Second, every medical practice that performs elective procedures can calculate the MVT for
their offering and begin to understand how that quantifiable value compares to other
discretionary spending opportunities for consumers. If you charge $600 for a 15-minute
appointment to get a dermal filler, then you might conclude your MVT is $40/minute. But
here’s the twist. That patient gets to enjoy the benefits for the next 3-4 months, at least during
their waking hours. That time spent with the experience lasts far longer than the medical visit.
From that perspective, the MVT is now less than a penny a minute.

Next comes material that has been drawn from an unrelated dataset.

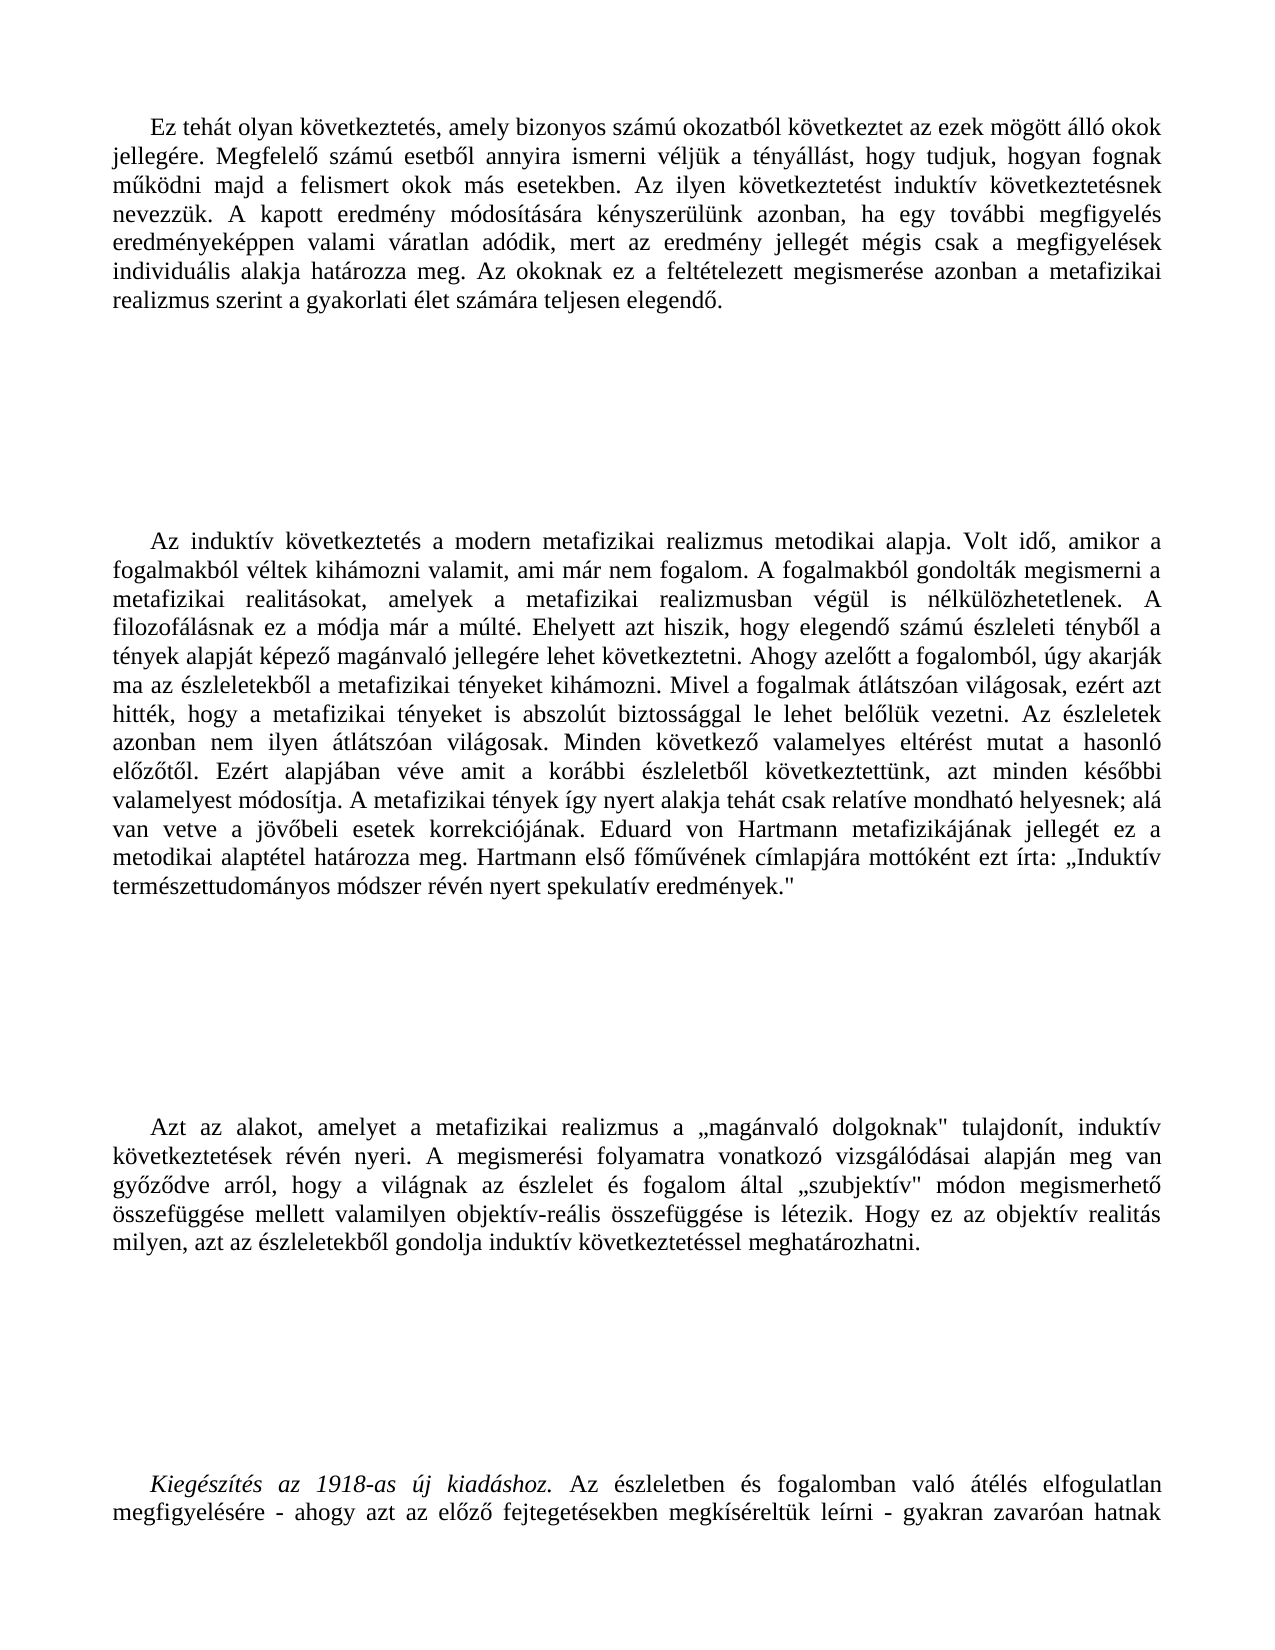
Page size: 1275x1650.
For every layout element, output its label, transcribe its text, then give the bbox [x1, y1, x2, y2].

Similar conclusions can be made about LASIK, breast augmentation, or other one-time surgical
procedures whose benefit extends over years and even decades. These procedures essentially
offer an infinite ROI when it comes to the value provided to the patient over time.

Final Thoughts

MVT gives you a new way to view the value provided to patients by your elective procedures.
Demonstrating that value through a unique and memorable patient experience will elevate you
above the fray and make you less susceptible to the inevitable forces of commoditization that
affect the perceived value of your services.